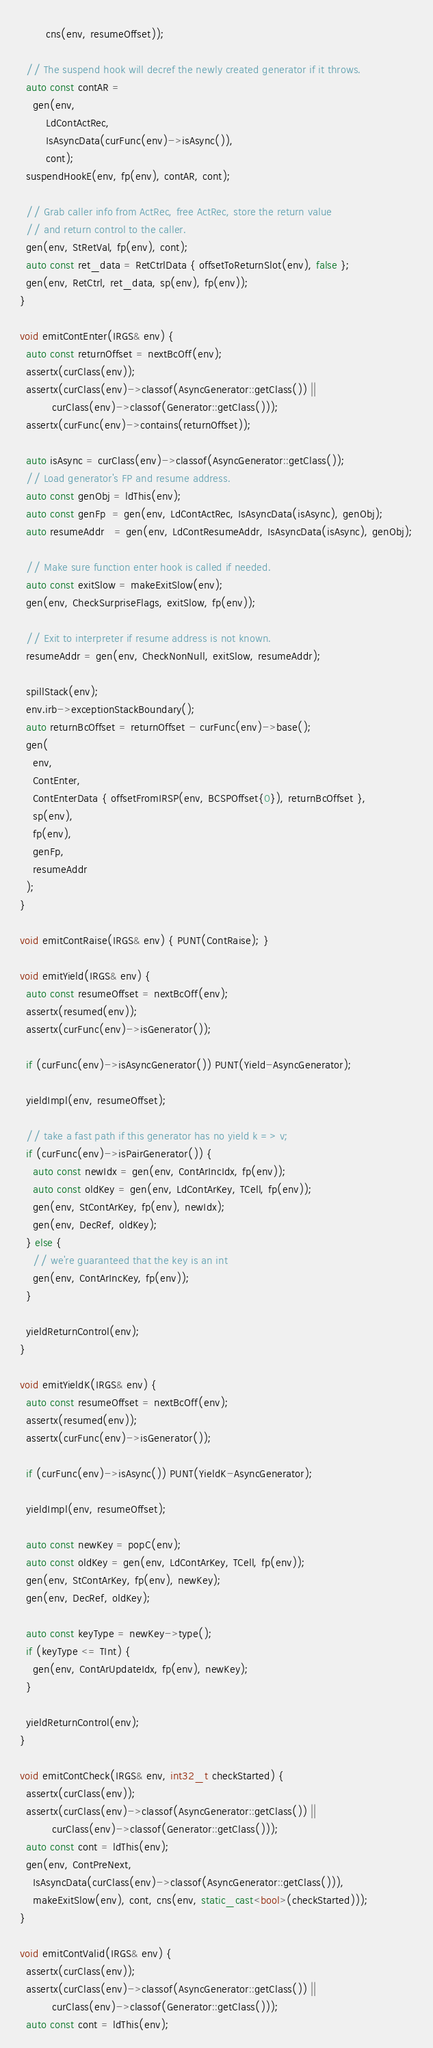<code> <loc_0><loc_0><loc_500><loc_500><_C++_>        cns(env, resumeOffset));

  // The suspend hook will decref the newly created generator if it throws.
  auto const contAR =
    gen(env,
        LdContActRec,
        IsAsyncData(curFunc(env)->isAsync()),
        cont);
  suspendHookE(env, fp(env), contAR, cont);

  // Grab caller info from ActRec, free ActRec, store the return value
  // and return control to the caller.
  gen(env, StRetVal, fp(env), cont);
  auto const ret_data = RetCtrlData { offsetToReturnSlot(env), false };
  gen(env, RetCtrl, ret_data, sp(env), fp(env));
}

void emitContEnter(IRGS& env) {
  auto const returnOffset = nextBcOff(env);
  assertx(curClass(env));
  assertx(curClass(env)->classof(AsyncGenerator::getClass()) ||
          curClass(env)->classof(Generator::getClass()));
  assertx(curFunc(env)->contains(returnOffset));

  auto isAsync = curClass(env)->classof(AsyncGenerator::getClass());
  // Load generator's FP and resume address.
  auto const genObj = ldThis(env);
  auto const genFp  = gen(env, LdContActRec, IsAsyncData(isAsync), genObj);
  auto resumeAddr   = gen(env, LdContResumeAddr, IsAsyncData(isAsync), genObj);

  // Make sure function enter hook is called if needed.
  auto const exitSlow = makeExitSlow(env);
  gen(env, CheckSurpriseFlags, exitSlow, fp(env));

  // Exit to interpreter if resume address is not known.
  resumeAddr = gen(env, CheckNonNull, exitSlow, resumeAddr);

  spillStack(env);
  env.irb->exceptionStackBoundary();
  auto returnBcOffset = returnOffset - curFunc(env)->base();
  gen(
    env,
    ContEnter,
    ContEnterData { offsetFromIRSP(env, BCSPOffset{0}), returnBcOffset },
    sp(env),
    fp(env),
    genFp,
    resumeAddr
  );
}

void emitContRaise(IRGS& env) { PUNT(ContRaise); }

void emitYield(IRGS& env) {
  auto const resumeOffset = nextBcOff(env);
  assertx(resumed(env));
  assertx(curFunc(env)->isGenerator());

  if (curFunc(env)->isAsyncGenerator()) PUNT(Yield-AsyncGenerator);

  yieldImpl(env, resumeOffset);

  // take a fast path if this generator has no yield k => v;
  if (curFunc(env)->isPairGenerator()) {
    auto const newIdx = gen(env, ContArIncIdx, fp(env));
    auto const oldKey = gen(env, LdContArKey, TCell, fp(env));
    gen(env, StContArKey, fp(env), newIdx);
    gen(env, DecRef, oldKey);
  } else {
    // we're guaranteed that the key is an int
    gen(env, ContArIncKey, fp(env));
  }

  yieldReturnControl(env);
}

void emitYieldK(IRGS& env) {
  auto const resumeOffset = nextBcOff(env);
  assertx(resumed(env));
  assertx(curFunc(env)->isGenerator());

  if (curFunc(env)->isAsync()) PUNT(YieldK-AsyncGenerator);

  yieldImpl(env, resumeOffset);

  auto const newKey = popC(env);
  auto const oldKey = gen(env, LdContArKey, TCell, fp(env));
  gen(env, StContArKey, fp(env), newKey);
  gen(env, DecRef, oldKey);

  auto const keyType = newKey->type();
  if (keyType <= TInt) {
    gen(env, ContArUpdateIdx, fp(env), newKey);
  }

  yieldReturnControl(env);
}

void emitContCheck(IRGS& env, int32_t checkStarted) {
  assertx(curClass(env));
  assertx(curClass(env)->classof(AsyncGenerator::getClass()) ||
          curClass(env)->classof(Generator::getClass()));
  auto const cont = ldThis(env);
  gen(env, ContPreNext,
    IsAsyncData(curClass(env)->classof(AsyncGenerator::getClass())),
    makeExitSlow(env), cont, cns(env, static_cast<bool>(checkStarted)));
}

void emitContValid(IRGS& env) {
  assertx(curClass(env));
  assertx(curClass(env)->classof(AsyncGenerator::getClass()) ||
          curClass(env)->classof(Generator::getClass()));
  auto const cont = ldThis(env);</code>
■ ■ ■ ■
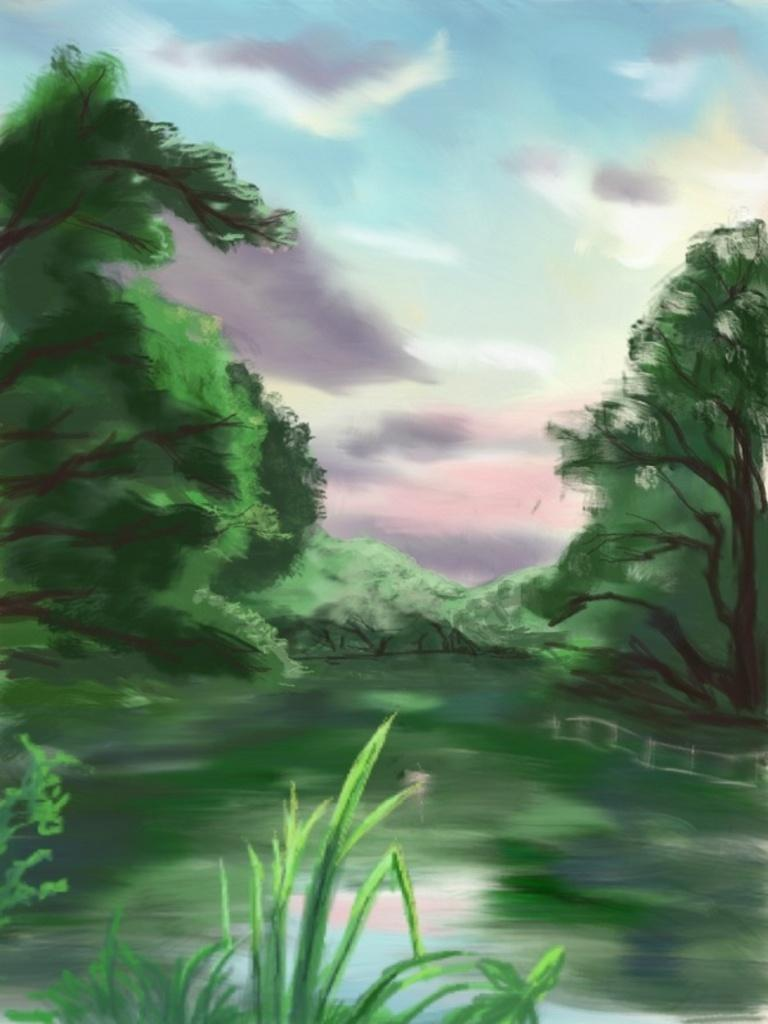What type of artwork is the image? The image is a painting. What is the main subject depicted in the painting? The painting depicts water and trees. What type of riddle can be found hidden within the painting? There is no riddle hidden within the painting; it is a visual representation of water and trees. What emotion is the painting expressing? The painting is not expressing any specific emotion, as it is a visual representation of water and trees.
■ ■ ■ ■
REQUIREMENT: Tally the lines of the records that contain the word "checkStarted", then give only the tally.

WRITTEN SOLUTION: 2